Человека, которого боишься встретить, ты обязательно увидишь. Может, происходит это потому, что мы подсознательно сами подталкиваем судьбу к этому, хотя не признаемся себе в этом, пусть со страхом, но ожидаем этой встречи, и когда она происходит, вздыхаем с облегчением. Каждый раз, встречаясь с Идой Гурген пытался найти повод, что бы спросить у нее имя ее подруги, с которой он видел ее на концерте, но что-то помимо его воли не позволяло ему это сделать. Теперь, после гибели Иды, когда он окончательно потерял всякую надежду, он внезапно увидал ее. Гурген ехал в трамвае, к трем он должен был быть в управлении, а сейчас было около часа, времени было много, и он неторопливо разглядывал людей, стоящих на остановках. Солнце в этот еще зимний день ярко светило, но тепла от него не чувствовалось. Все равно настроение у Гургена было приподнятым. Вчера он говорил с Кареном Ашотовичем и он обещал похлопотать перед начальством в отношении его, и к майским праздникам он ожидал новую звездочку на погоны. Карен слов на ветер не бросает.
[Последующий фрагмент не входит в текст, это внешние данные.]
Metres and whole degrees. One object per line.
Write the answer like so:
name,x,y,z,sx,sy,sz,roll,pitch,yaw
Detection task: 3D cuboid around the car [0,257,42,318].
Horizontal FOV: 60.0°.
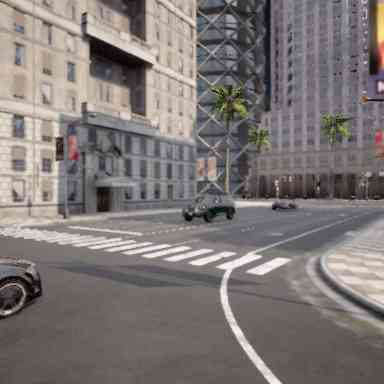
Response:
car,-4.776,1.575,5.509,1.994,1.385,4.181,0,0,35

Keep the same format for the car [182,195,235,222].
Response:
car,1.468,1.243,26.697,2.150,2.045,5.566,0,0,35

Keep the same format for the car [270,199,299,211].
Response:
car,11.389,1.570,40.577,2.033,1.411,5.357,0,0,36
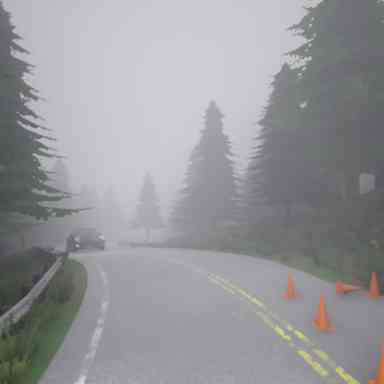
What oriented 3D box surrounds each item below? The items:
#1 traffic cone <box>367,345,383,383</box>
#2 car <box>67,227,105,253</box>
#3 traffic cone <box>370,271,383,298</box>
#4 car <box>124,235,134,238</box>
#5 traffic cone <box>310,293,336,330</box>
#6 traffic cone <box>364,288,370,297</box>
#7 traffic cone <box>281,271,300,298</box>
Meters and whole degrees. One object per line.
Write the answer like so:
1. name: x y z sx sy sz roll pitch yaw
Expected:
1. traffic cone: 2.312 2.031 3.933 0.340 0.580 0.340 0 -2 0
2. car: -7.712 3.354 23.942 2.097 1.767 4.553 1 -8 -28
3. traffic cone: 4.336 2.185 7.917 0.340 0.580 0.340 0 -3 0
4. car: -13.251 9.683 69.958 1.994 1.385 4.181 0 -8 4
5. traffic cone: 2.325 2.103 5.934 0.340 0.580 0.340 0 -2 0
6. traffic cone: 3.803 2.306 7.921 0.580 0.340 0.340 0 -3 0
7. traffic cone: 2.338 2.195 7.932 0.340 0.580 0.340 0 -3 0
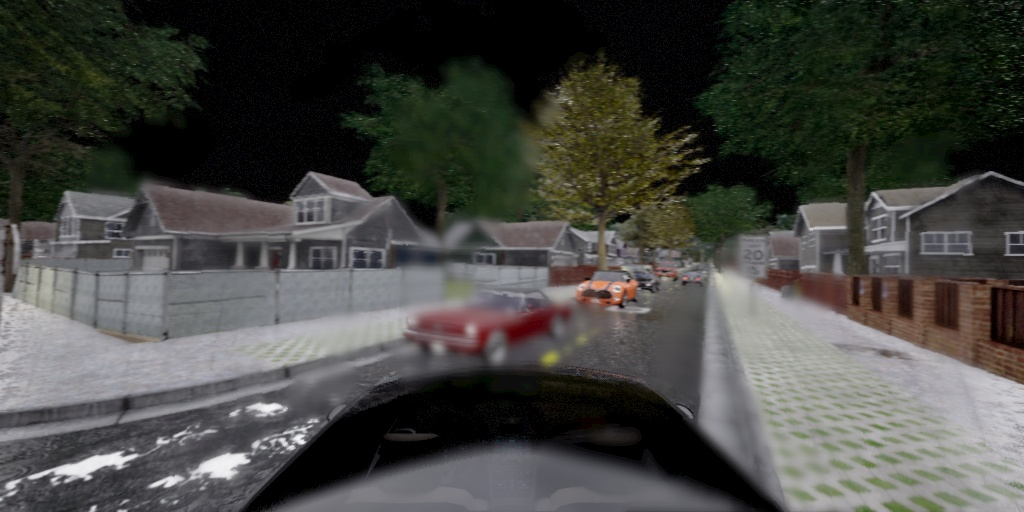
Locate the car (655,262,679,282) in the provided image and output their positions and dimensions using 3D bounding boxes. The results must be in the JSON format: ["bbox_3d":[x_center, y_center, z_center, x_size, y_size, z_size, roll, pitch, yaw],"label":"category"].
[{"bbox_3d":[17.390,1.661,40.173,2.150,2.045,5.566,1,-1,29],"label":"car"}]

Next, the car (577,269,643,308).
[{"bbox_3d":[4.780,1.464,17.590,2.097,1.767,4.553,1,-1,29],"label":"car"}]

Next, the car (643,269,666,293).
[{"bbox_3d":[9.896,1.921,26.829,2.033,1.411,5.357,1,-1,29],"label":"car"}]

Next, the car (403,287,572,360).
[{"bbox_3d":[-0.254,1.458,8.603,1.895,1.301,4.718,1,-1,31],"label":"car"}]

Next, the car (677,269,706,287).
[{"bbox_3d":[17.806,2.202,35.145,2.033,1.411,5.357,1,-1,29],"label":"car"}]
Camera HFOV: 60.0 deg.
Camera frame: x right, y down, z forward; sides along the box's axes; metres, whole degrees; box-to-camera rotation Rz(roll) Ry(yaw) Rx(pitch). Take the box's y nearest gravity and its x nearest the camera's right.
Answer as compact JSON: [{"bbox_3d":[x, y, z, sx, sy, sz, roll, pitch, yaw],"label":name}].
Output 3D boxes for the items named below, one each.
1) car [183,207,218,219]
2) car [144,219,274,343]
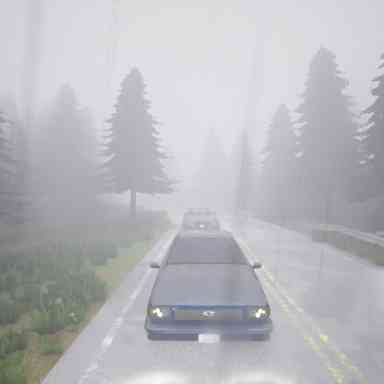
[{"bbox_3d":[0.450,1.583,19.161,1.994,1.385,4.181,0,0,-2],"label":"car"},{"bbox_3d":[0.272,1.557,7.076,2.033,1.411,5.357,0,0,1],"label":"car"}]
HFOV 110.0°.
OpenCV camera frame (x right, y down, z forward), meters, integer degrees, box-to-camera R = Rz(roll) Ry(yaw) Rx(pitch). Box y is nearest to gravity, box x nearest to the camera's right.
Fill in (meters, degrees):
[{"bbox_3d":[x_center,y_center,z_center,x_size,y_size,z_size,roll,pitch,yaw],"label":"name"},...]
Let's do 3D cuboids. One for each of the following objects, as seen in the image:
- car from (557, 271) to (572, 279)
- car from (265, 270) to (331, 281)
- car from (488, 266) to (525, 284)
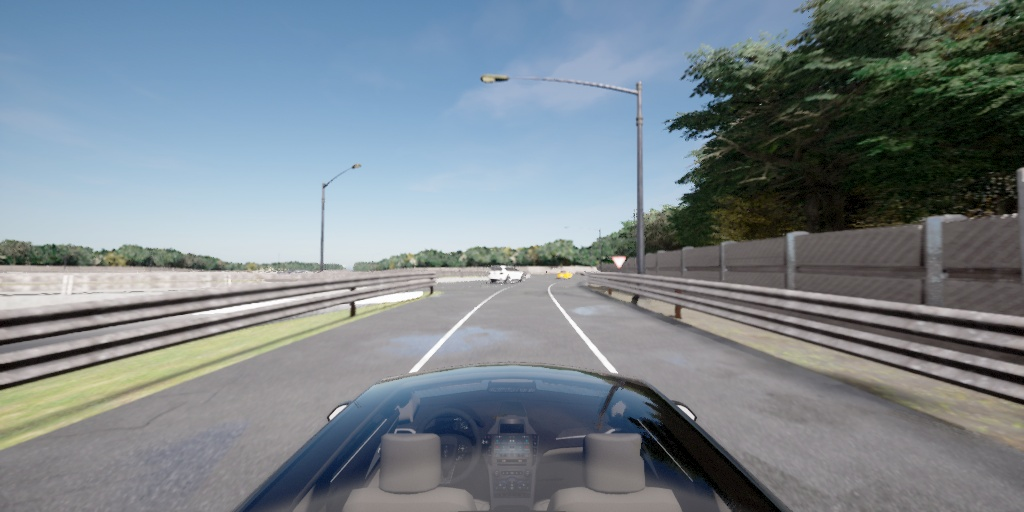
[{"bbox_3d":[9.298,3.316,63.210,1.882,1.535,5.008,-1,-2,20],"label":"car"},{"bbox_3d":[-13.990,1.713,24.472,2.128,1.511,4.902,-2,-3,43],"label":"car"},{"bbox_3d":[-0.558,2.188,42.133,2.150,2.045,5.566,-1,-3,31],"label":"car"}]
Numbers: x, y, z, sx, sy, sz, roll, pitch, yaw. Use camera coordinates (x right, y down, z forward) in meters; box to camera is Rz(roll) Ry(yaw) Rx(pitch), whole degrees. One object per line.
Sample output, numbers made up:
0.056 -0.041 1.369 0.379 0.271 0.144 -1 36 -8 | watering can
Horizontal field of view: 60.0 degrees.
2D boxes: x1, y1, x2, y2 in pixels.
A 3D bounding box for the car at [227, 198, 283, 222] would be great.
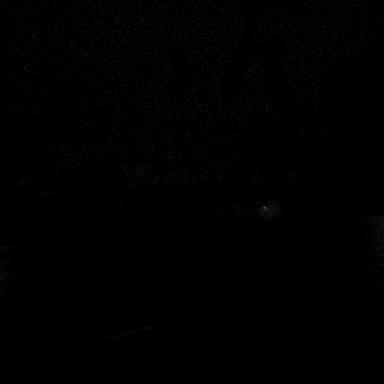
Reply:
4.922 1.310 26.205 2.097 1.767 4.553 0 0 -39 | car
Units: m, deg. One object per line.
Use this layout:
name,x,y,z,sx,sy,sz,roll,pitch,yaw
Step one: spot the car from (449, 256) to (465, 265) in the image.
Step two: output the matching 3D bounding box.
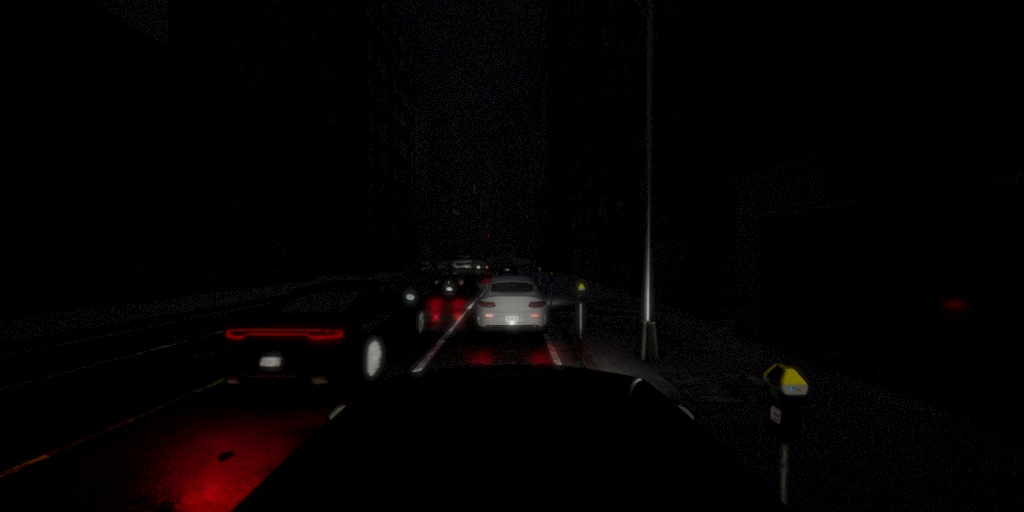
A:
car,-6.178,0.976,45.786,2.150,2.045,5.566,0,0,1

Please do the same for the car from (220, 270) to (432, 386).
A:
car,-3.146,1.226,7.146,1.882,1.535,5.008,0,0,0

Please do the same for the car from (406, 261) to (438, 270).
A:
car,-8.909,1.189,34.934,1.967,1.591,4.097,0,0,0

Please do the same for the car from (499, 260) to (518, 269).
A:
car,-0.383,1.315,34.934,1.948,1.339,4.313,0,0,0

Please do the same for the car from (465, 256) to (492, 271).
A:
car,-3.099,1.101,35.636,2.097,1.767,4.553,0,0,1

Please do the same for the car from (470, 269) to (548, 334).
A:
car,0.003,1.274,10.501,1.812,1.442,4.674,0,0,0

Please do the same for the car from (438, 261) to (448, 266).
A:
car,-8.909,1.316,40.439,1.948,1.339,4.313,0,0,0

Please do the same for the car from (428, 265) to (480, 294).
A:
car,-3.107,1.348,20.126,1.895,1.301,4.718,0,0,1
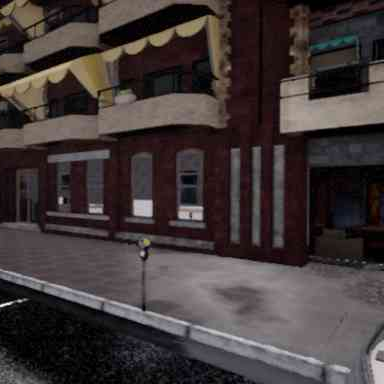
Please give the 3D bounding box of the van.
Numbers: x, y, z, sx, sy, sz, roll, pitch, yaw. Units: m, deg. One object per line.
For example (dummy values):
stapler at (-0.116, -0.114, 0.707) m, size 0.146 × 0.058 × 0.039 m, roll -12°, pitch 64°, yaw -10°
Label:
van at (2.578, 1.348, 1.035) m, size 3.998 × 1.788 × 1.690 m, roll 0°, pitch 0°, yaw 35°
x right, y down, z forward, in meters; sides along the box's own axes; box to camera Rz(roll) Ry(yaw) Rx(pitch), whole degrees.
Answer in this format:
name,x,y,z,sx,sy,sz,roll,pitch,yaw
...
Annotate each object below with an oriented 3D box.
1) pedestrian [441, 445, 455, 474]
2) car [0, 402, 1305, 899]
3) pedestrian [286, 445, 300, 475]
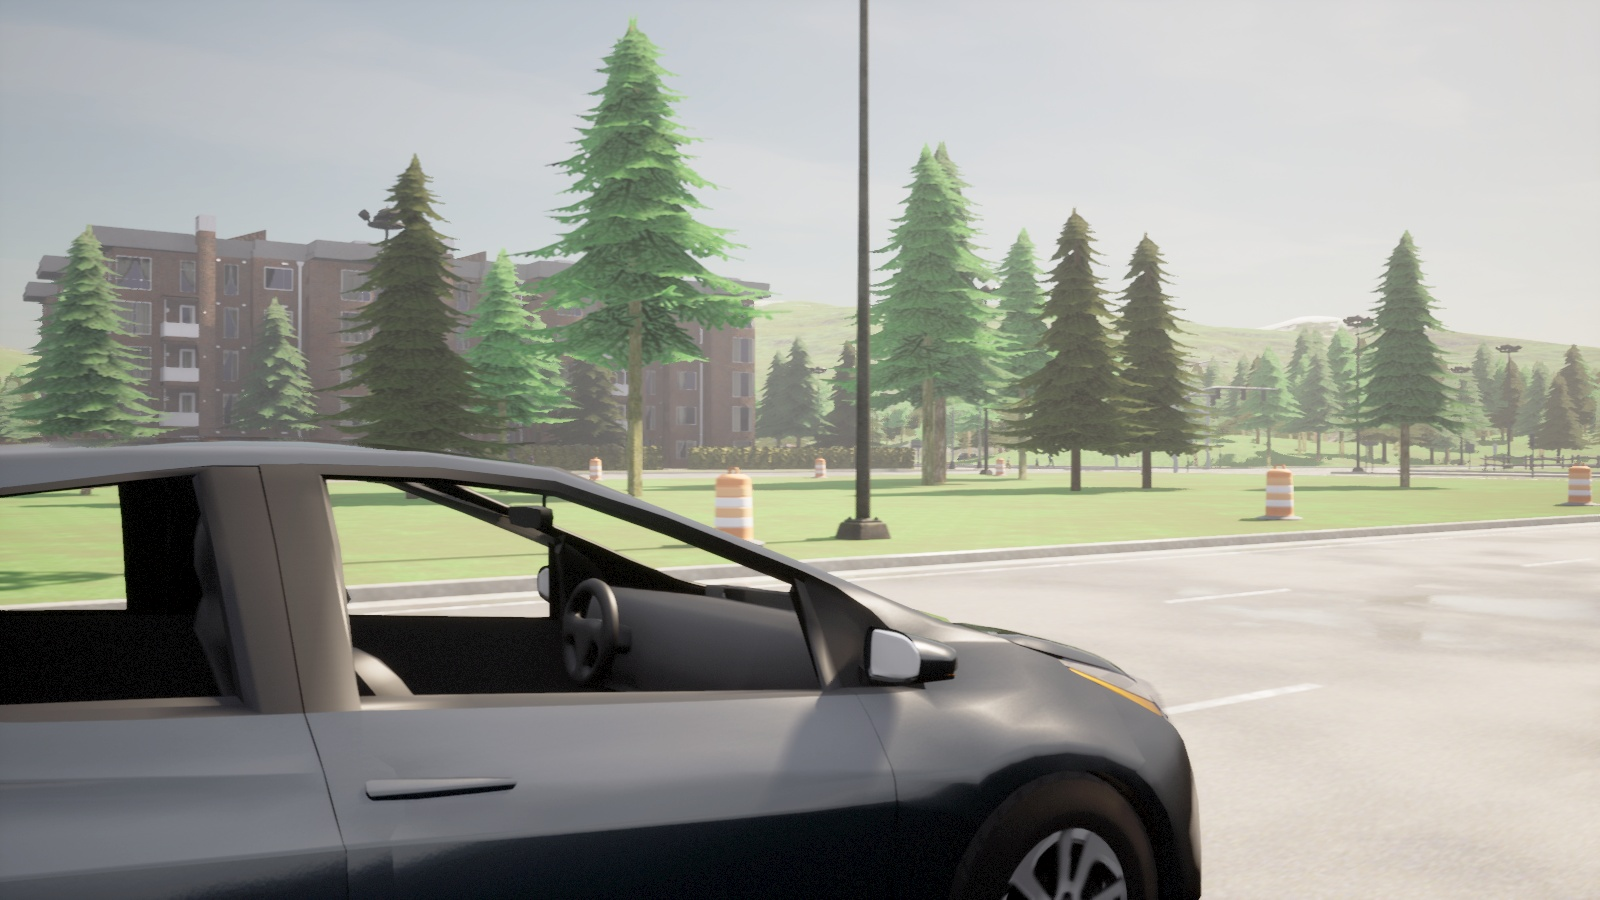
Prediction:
name,x,y,z,sx,sy,sz,roll,pitch,yaw
pedestrian,-23.639,0.630,84.262,0.788,1.949,0.423,0,0,-34
car,-1.068,0.701,2.916,4.514,1.525,2.007,0,0,-35
pedestrian,-31.699,0.633,78.518,0.694,1.848,0.540,0,0,-34
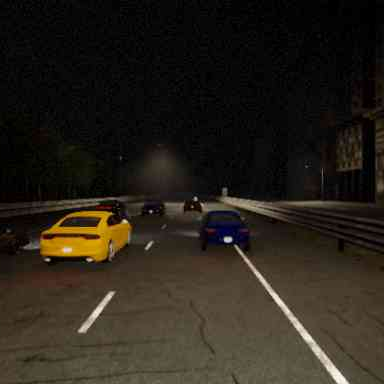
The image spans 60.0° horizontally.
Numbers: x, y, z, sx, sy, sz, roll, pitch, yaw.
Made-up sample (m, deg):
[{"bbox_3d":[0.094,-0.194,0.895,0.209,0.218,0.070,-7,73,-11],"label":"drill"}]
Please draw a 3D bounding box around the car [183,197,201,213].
[{"bbox_3d":[0.066,1.501,36.533,1.994,1.385,4.181,0,0,1],"label":"car"}]

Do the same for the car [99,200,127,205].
[{"bbox_3d":[-6.881,1.429,28.843,1.837,1.490,4.892,0,0,0],"label":"car"}]

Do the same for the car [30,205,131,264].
[{"bbox_3d":[-3.394,1.415,11.530,1.882,1.535,5.008,0,0,0],"label":"car"}]

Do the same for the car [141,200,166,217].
[{"bbox_3d":[-3.382,1.451,29.762,1.812,1.442,4.674,0,0,0],"label":"car"}]

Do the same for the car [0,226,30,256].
[{"bbox_3d":[-6.895,1.492,9.837,2.033,1.411,5.357,0,0,0],"label":"car"}]

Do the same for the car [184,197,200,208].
[{"bbox_3d":[0.035,1.447,48.004,2.128,1.511,4.902,0,0,0],"label":"car"}]

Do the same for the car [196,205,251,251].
[{"bbox_3d":[1.233,1.457,13.697,1.812,1.442,4.674,0,0,0],"label":"car"}]
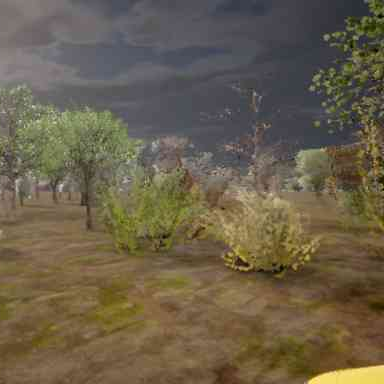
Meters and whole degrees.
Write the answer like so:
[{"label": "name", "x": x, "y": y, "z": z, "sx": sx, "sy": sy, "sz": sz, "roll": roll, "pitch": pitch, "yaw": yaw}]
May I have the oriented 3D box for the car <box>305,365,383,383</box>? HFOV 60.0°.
[{"label": "car", "x": 3.215, "y": 1.447, "z": 1.648, "sx": 5.366, "sy": 1.575, "sz": 1.801, "roll": 0, "pitch": 0, "yaw": 8}]
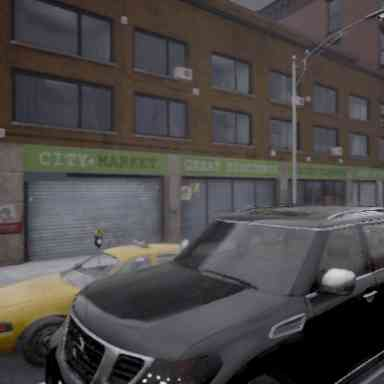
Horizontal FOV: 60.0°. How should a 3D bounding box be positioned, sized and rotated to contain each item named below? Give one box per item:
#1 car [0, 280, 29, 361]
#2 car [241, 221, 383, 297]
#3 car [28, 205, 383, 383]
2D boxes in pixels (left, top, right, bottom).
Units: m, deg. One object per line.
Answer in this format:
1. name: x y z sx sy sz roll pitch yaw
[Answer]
1. car: -1.119 1.527 5.743 4.829 1.417 1.752 0 -1 -36
2. car: 3.495 1.592 9.034 4.206 1.307 1.802 0 -1 -36
3. car: 1.232 1.227 4.211 5.566 2.045 2.150 0 0 -37
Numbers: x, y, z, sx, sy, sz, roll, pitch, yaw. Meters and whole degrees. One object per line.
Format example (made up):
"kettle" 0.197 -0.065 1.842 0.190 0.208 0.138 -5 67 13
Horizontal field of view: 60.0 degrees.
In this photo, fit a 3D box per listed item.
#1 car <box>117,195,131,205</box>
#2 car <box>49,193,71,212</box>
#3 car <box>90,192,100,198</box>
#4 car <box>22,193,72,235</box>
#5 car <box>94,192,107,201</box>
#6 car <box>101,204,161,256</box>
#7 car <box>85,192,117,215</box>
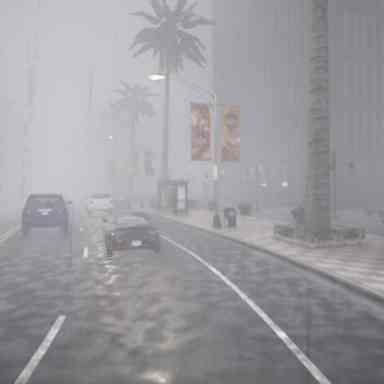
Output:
"car" -8.185 1.150 38.366 2.231 1.521 4.892 -1 1 -20
"car" -14.382 1.081 36.419 2.097 1.767 4.553 -1 1 -20
"car" -25.331 0.812 86.720 2.161 1.482 4.786 -1 1 -20
"car" -7.883 1.089 18.334 2.150 2.045 5.566 -1 1 -19
"car" -18.165 0.813 65.992 2.185 1.767 4.553 -1 1 -20
"car" -2.366 1.414 12.592 1.812 1.442 4.674 0 1 -16
"car" -8.526 0.971 30.513 2.150 2.045 5.566 -1 1 -20
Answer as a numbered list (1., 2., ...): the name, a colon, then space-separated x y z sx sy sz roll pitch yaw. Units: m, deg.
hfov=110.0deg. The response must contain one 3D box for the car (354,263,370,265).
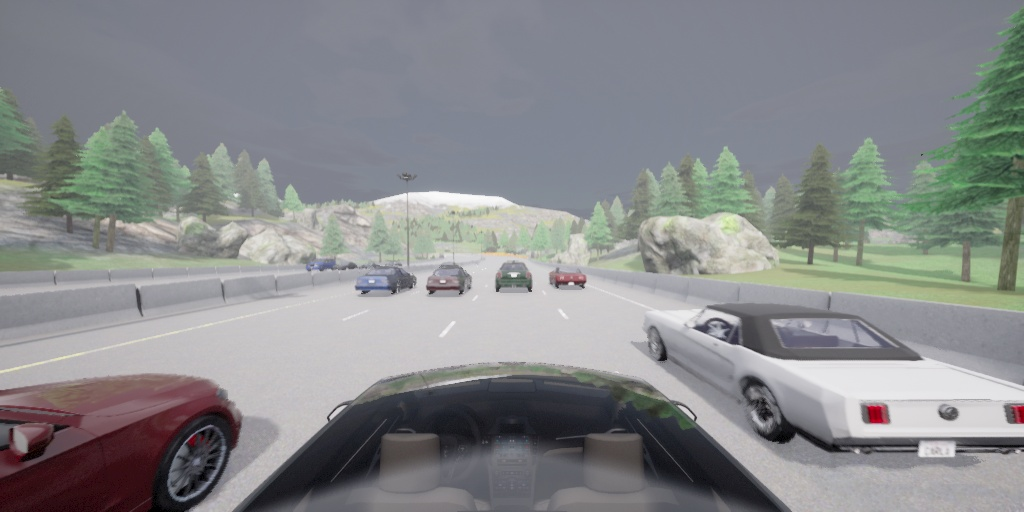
1. car: -20.984 1.672 52.854 1.994 1.385 4.181 0 -1 0

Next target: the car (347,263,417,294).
1. car: -6.894 1.314 20.123 2.033 1.411 5.357 0 0 0

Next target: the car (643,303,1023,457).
1. car: 3.601 1.343 5.253 1.895 1.301 4.718 0 0 0

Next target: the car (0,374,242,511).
1. car: -3.400 1.276 1.326 1.812 1.442 4.674 0 0 0

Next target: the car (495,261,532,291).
1. car: 0.106 1.129 22.047 2.097 1.767 4.553 0 0 0

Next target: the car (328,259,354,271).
1. car: -24.485 1.557 52.838 1.882 1.535 5.008 0 -1 0

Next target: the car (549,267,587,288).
1. car: 3.607 1.388 23.989 1.895 1.301 4.718 0 0 0

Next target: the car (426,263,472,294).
1. car: -3.394 1.314 20.075 2.033 1.411 5.357 0 0 0

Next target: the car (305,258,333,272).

Трамвай уже отходил от остановки городской больницы, когда Гургену почудилось, что девушку, стоявшую к нему спиной, он знает. Она мельком скользнула по нему взглядом, и он понял, что это она. Та, встречи с которой он боялся, но каждую минуту ожидал. Она стояла и беседовала там с одним молодым человеком, не слыша, как в трамвае кто-то, боясь ее потерять, вдруг истошно завопил:

- Стой, стой, говорю! - и когда вагоновожатый остановил трамвай, стремглав выскочив, ринулся назад к остановке. Благо, людей здесь было много, так что на нового пассажира никто внимания не обратил. Рядом была остановка автобусов, и действительно, когда он подъехал, парень с девушкой сели в него. Вмести с ними в автобус с задней двери протиснулся и Гурген. Он старался оставаться незамеченным и поэтому отвернувшись, смотрел сквозь заднее окно на дорогу. В какое то мгновение ему показалось, что дорога эта похожа на его жизнь, так же течет, оставаясь позади, и он постоянно, оглядываясь ничего не в силах изменить. Если бы была у него такая возможность, думал он в который раз, выскочил бы он тогда, в ту злосчастную ночь, перевернувшую всю его судьбу, вслед своему отцу, или остался бы дома, послушав мать свою? Не знал он, но уже это сомнение говорило ему, что теперь, после всего, что произошло, он уже не так уверен в своей правоте, как тогда, когда мчался в ночи, ориентируясь только на стук копыт лошади раздававшийся впереди. И когда показалось ему, что потерял он отца, словно призрак вырос он перед ним, и приложив руку к губам, велел молчать. А потом он отчетливо увидел при свете луны силуэты двух всадников, спешившихся на поляне. Как же ярко светила луна! Долго ждал отец, пристроив ружье к стволу небольшого деревца, словно специально изогнувшегося для этого, и, наконец, когда поднялся мужчина, пивший воду у ручья, выстрелил. Последнее, что помнил Гурген, как покачнулся и опустился плавно на землю тот человек. А потом была снова бешенная скачка, и выстрелы. И он стрелял, и по нему стреляли, только под утро все затихло. Бешено ругался отец, пытаясь остановить кровь от пули, угодившей ему в бедро. Хорошо, прошла она, не задев кость. Наконец, вдвоем перевязали они рану, и когда утро полностью вступил в свои права, расстались. Как оказалось, навсегда. Отец его ускакал на юг, в Персию, там у него были знакомые, а Гургену велел ехать в Эривань, и адрес дал, некоего Багдасаряна.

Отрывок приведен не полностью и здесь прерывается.